_Data provided_
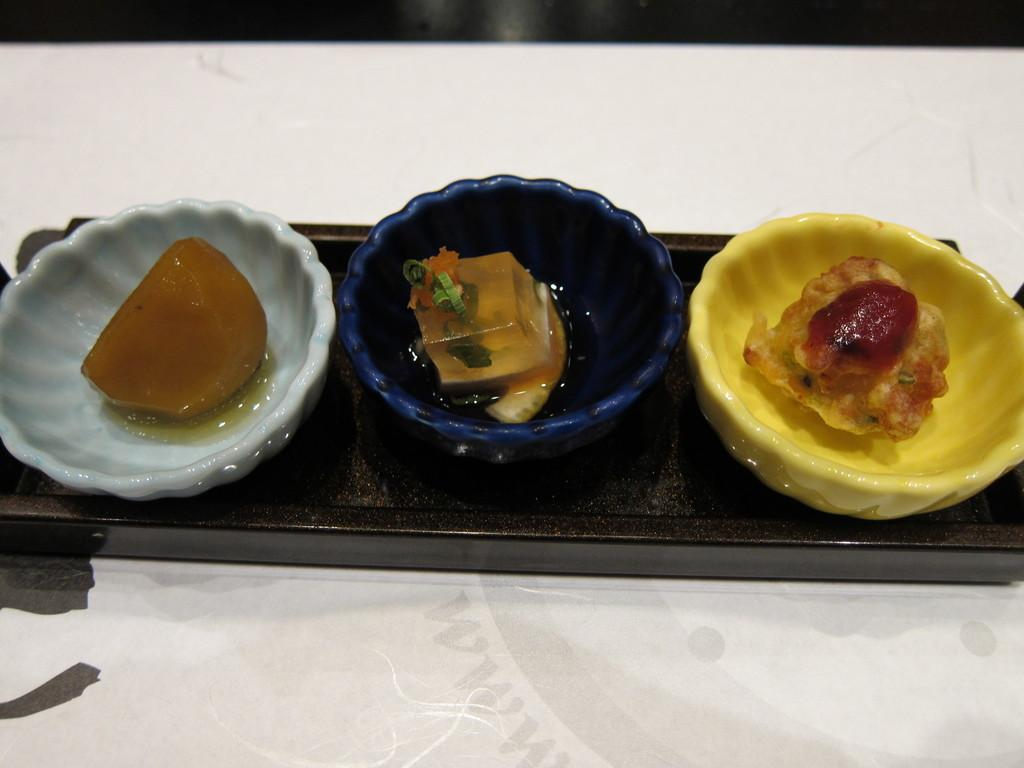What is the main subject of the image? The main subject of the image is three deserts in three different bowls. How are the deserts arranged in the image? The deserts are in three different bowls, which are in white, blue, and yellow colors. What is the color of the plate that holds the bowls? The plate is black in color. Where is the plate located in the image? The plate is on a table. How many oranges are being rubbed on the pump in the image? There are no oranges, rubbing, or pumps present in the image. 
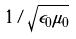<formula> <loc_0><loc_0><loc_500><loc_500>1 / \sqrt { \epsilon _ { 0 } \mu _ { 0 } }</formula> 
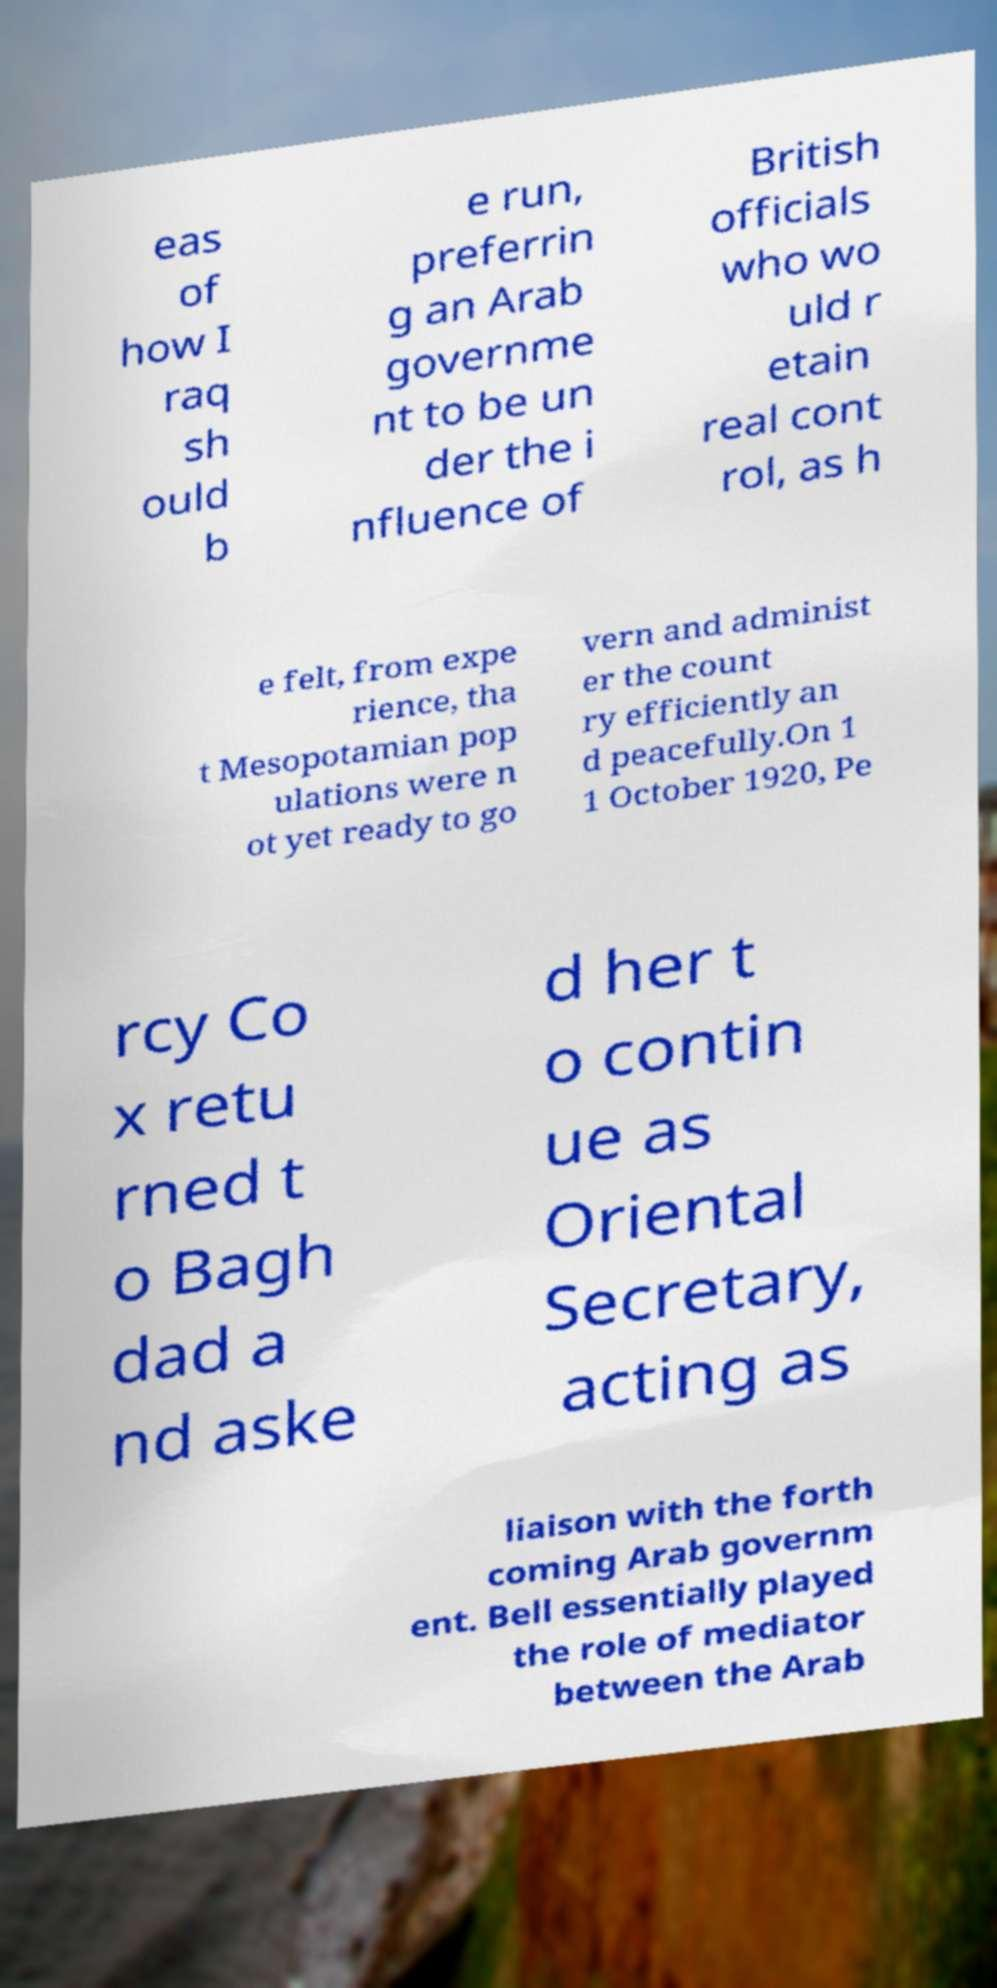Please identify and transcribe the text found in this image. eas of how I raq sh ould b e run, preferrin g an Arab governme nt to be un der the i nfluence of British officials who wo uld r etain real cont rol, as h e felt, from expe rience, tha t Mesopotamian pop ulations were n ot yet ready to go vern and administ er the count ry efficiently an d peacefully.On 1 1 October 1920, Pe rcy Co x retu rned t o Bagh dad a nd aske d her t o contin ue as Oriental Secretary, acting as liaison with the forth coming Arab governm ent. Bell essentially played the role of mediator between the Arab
==
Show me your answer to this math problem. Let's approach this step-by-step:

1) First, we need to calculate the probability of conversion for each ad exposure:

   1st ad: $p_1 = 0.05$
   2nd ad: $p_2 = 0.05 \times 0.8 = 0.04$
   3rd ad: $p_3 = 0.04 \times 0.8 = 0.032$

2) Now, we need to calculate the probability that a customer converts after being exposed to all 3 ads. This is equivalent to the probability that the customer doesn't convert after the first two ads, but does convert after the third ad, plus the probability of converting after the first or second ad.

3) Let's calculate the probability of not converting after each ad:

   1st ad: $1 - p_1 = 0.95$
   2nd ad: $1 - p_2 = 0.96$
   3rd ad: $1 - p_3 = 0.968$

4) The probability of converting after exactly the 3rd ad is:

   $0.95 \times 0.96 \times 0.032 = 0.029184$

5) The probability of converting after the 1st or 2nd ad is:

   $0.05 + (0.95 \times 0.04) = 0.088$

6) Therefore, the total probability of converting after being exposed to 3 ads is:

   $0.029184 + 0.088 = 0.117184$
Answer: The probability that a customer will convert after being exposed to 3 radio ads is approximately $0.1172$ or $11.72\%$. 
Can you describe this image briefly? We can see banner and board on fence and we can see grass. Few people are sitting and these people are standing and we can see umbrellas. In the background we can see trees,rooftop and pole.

_Aim of the task_
Starting at the line above that contains "What is the main", transcribe every line exactly through the line that contains "<formula> <loc_0><loc_0><loc_500><loc_500>1 /", including that last one, and skip the pictures.

_Response to this task_
What is the main subject of the image? The main subject of the image is three deserts in three different bowls. How are the deserts arranged in the image? The deserts are in three different bowls, which are in white, blue, and yellow colors. What is the color of the plate that holds the bowls? The plate is black in color. Where is the plate located in the image? The plate is on a table. How many oranges are being rubbed on the pump in the image? There are no oranges, rubbing, or pumps present in the image. 
<formula> <loc_0><loc_0><loc_500><loc_500>1 / \sqrt { \epsilon _ { 0 } \mu _ { 0 } }</formula> 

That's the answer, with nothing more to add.